◆ Data entries
========================================================================
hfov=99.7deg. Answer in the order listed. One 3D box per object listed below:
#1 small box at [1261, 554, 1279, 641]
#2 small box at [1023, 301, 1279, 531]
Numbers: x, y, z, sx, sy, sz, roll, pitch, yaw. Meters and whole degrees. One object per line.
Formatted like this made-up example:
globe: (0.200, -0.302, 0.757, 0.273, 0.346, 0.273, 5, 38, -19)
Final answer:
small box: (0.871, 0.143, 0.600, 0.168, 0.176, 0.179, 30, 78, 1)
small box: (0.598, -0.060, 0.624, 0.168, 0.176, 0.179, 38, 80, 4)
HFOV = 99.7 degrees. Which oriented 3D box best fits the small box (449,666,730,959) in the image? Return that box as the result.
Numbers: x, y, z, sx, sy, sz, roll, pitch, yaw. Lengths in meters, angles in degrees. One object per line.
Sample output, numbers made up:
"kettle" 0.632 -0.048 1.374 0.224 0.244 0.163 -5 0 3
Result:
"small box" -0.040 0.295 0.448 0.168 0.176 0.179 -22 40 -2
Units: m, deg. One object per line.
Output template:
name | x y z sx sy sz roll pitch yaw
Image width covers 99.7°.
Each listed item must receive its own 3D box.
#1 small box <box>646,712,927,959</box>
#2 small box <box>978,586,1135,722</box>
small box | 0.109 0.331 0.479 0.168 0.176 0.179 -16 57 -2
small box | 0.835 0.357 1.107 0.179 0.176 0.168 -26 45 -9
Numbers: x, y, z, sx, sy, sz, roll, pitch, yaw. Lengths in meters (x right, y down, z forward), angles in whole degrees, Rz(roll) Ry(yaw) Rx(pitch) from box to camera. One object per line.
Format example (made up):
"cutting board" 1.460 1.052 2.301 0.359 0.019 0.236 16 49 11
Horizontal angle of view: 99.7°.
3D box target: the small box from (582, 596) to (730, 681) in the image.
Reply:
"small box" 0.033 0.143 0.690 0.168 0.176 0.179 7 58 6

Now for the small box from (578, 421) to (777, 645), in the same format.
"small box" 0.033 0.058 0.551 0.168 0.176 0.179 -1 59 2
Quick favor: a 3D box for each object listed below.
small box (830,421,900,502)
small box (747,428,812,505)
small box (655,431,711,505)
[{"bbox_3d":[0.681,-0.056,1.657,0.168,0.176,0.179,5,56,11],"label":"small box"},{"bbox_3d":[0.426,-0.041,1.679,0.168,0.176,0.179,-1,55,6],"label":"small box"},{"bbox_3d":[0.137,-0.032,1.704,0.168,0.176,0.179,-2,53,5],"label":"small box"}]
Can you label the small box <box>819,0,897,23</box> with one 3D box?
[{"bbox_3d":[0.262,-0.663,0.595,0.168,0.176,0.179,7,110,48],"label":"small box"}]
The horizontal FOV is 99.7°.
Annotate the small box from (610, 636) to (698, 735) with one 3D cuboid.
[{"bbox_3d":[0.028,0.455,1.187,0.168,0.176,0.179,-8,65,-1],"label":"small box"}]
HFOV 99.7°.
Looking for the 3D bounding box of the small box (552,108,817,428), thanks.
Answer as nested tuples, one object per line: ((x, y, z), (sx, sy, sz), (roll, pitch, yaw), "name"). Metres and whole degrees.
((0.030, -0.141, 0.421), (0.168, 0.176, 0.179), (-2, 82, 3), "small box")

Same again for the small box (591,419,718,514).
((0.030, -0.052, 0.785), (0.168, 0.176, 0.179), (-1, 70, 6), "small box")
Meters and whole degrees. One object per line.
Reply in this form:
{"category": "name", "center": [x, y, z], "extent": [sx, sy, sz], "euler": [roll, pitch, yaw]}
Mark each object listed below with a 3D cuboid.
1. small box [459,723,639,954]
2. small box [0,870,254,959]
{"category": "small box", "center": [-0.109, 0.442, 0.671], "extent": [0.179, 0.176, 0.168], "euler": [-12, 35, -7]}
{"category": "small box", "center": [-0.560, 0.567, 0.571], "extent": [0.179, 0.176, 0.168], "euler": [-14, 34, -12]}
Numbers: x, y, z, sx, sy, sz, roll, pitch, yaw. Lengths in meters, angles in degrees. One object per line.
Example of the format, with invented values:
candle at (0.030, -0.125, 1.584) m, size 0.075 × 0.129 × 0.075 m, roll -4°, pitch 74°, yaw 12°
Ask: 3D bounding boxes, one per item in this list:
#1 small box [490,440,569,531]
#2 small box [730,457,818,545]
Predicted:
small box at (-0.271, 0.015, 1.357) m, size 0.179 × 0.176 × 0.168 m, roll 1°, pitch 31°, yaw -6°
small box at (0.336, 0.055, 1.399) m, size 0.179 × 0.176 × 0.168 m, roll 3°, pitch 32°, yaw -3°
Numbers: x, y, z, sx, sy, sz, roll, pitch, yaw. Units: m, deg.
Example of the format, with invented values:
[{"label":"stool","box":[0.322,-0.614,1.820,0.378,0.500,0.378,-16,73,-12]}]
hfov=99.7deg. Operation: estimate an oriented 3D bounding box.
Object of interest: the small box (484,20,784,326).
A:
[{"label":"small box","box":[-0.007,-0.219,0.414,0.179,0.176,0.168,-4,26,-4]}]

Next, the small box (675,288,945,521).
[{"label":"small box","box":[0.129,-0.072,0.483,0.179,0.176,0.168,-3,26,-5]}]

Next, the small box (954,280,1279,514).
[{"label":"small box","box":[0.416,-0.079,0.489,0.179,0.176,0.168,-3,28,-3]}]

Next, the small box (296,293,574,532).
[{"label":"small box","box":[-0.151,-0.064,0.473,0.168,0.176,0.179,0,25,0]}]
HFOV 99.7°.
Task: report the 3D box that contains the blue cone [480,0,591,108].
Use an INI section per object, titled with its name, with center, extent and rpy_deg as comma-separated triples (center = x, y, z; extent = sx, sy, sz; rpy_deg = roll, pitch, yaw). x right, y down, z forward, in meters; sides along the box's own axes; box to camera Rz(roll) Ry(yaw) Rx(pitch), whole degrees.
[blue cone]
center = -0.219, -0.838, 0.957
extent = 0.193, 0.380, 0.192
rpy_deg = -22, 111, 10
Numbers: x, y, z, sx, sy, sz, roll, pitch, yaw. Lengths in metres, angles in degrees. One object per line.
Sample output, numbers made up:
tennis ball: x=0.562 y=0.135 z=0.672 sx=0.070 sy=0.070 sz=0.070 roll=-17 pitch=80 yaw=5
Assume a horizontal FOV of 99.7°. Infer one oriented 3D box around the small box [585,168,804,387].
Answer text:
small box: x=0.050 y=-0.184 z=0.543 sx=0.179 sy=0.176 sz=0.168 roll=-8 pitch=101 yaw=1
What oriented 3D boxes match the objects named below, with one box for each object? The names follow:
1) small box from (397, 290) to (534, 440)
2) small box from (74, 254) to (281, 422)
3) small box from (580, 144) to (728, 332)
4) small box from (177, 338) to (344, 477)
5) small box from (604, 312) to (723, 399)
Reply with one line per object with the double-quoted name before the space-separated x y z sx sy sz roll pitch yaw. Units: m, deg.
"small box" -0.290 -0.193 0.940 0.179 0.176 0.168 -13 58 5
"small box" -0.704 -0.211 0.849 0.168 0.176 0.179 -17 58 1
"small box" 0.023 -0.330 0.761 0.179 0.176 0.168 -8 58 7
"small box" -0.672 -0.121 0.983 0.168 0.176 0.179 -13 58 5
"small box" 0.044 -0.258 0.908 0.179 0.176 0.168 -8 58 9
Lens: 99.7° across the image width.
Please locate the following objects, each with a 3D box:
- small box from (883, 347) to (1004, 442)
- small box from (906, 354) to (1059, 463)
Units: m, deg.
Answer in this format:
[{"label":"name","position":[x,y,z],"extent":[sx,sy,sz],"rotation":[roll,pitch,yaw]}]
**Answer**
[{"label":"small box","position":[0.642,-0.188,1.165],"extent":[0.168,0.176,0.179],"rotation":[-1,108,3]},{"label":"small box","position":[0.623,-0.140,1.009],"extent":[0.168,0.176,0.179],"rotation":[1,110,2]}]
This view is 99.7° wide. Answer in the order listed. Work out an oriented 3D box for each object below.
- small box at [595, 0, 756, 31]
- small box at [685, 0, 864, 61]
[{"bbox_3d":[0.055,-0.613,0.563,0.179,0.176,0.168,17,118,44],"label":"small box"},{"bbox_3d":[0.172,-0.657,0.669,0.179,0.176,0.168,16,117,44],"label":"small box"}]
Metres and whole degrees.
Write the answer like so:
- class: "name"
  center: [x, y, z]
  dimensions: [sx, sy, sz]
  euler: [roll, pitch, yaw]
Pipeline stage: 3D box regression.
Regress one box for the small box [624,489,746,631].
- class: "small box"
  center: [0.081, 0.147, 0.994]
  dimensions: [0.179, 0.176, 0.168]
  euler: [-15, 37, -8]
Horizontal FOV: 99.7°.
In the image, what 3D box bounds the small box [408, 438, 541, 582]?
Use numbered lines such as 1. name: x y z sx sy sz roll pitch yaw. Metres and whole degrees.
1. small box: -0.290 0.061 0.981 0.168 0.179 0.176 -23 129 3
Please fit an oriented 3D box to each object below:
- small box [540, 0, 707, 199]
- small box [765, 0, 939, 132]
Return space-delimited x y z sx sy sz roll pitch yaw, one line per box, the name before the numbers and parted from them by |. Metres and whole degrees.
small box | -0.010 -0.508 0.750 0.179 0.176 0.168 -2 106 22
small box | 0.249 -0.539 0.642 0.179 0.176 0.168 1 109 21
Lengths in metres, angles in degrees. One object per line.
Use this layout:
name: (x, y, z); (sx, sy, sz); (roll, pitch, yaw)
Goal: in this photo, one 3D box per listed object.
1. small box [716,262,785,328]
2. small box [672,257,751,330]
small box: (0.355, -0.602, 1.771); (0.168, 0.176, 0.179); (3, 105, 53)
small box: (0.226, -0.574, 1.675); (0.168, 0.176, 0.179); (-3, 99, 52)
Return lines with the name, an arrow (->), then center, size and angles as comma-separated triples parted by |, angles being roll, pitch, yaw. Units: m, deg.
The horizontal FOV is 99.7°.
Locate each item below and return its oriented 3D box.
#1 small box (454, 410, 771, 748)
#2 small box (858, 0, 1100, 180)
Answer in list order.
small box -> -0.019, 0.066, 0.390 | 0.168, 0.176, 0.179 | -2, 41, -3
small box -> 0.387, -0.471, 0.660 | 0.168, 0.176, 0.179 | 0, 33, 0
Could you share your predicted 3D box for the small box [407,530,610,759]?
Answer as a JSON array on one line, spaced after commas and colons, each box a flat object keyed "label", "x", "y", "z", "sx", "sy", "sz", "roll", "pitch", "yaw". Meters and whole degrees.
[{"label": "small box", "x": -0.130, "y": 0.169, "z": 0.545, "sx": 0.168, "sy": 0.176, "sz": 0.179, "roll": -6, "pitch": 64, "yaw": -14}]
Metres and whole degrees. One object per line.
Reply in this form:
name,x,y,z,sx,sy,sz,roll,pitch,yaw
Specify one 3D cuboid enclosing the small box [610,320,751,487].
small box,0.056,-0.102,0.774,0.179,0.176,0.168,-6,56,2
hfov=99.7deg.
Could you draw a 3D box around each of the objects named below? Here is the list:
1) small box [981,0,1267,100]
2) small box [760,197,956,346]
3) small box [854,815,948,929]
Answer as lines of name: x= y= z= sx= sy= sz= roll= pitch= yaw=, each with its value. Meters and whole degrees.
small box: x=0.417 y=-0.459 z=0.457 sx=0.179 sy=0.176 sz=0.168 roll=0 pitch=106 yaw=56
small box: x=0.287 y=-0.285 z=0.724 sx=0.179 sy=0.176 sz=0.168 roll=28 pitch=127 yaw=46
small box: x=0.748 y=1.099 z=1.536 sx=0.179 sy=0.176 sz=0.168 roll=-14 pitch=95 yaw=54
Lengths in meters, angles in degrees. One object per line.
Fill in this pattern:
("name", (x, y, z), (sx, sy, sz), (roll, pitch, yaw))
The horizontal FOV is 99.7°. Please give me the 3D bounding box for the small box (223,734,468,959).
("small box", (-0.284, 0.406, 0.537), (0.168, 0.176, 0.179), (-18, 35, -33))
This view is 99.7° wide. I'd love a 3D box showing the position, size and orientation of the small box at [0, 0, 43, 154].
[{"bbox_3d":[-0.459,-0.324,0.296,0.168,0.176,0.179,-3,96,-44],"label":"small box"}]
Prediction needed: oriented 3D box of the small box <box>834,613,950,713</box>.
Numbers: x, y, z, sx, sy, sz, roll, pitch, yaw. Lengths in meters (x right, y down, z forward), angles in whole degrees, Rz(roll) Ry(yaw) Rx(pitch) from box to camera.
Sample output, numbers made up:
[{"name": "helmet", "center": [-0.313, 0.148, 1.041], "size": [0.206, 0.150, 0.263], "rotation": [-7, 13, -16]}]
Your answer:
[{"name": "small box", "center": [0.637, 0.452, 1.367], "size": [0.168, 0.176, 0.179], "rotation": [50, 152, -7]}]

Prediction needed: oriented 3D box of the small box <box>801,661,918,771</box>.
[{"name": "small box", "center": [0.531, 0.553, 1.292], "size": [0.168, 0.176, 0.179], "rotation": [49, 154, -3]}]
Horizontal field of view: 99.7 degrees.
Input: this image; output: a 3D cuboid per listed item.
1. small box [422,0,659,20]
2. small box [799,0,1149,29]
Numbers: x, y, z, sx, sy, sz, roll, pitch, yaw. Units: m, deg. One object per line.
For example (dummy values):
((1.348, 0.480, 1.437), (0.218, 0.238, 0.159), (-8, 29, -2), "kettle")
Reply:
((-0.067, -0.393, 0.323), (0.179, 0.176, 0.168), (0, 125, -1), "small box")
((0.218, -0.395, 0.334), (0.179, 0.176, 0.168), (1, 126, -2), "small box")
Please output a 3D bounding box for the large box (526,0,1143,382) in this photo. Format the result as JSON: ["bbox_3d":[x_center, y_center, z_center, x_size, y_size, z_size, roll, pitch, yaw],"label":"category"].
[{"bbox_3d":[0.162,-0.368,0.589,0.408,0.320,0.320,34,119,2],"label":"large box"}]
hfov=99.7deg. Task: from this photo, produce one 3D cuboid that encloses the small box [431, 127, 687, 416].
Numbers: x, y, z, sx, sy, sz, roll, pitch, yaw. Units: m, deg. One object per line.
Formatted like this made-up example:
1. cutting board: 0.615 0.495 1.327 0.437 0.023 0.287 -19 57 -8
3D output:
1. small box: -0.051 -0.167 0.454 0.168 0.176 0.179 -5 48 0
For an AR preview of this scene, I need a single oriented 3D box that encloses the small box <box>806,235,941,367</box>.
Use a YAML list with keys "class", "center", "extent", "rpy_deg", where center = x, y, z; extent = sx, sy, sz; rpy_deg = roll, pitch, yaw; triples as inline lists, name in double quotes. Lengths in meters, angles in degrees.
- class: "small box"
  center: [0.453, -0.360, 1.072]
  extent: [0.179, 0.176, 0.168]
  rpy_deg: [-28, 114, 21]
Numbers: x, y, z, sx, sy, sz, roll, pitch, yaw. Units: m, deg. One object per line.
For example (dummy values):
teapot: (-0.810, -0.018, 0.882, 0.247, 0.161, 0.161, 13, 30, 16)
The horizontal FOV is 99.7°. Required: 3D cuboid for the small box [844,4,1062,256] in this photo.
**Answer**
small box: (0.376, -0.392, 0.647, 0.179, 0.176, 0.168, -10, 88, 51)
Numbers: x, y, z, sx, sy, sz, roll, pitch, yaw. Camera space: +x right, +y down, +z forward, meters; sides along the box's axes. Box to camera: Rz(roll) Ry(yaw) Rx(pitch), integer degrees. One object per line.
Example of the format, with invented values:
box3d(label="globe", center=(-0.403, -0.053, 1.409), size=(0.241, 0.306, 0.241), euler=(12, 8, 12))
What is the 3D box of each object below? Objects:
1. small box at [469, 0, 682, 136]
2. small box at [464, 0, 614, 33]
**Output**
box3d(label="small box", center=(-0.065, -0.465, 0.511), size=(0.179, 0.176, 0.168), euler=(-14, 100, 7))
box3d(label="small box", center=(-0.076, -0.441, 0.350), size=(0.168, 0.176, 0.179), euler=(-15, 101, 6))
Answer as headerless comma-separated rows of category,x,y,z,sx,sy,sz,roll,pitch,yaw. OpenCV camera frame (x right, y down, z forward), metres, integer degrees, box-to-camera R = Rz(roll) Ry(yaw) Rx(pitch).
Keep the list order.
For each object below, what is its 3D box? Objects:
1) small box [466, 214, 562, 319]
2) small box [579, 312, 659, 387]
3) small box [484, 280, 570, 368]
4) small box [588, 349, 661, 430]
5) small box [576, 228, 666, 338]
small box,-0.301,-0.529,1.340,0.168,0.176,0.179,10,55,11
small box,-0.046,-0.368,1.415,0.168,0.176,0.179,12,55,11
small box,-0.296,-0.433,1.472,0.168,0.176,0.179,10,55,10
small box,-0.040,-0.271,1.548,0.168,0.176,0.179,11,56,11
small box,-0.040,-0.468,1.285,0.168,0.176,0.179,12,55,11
========================================================================
◆ Work item
Once the line with "Answer as headerless" is found, write out that line and every one after it through the last line of the records, exactly and with nothing else.

◆ Response for this exercise
Answer as headerless comma-separated rows of category,x,y,z,sx,sy,sz,roll,pitch,yaw. OpenCV camera frame (x right, y down, z forward), metres, integer degrees, box-to-camera R = Rz(roll) Ry(yaw) Rx(pitch).
Keep the list order.
For each object below, what is its 3D box? Objects:
1) small box [466, 214, 562, 319]
2) small box [579, 312, 659, 387]
3) small box [484, 280, 570, 368]
4) small box [588, 349, 661, 430]
5) small box [576, 228, 666, 338]
small box,-0.301,-0.529,1.340,0.168,0.176,0.179,10,55,11
small box,-0.046,-0.368,1.415,0.168,0.176,0.179,12,55,11
small box,-0.296,-0.433,1.472,0.168,0.176,0.179,10,55,10
small box,-0.040,-0.271,1.548,0.168,0.176,0.179,11,56,11
small box,-0.040,-0.468,1.285,0.168,0.176,0.179,12,55,11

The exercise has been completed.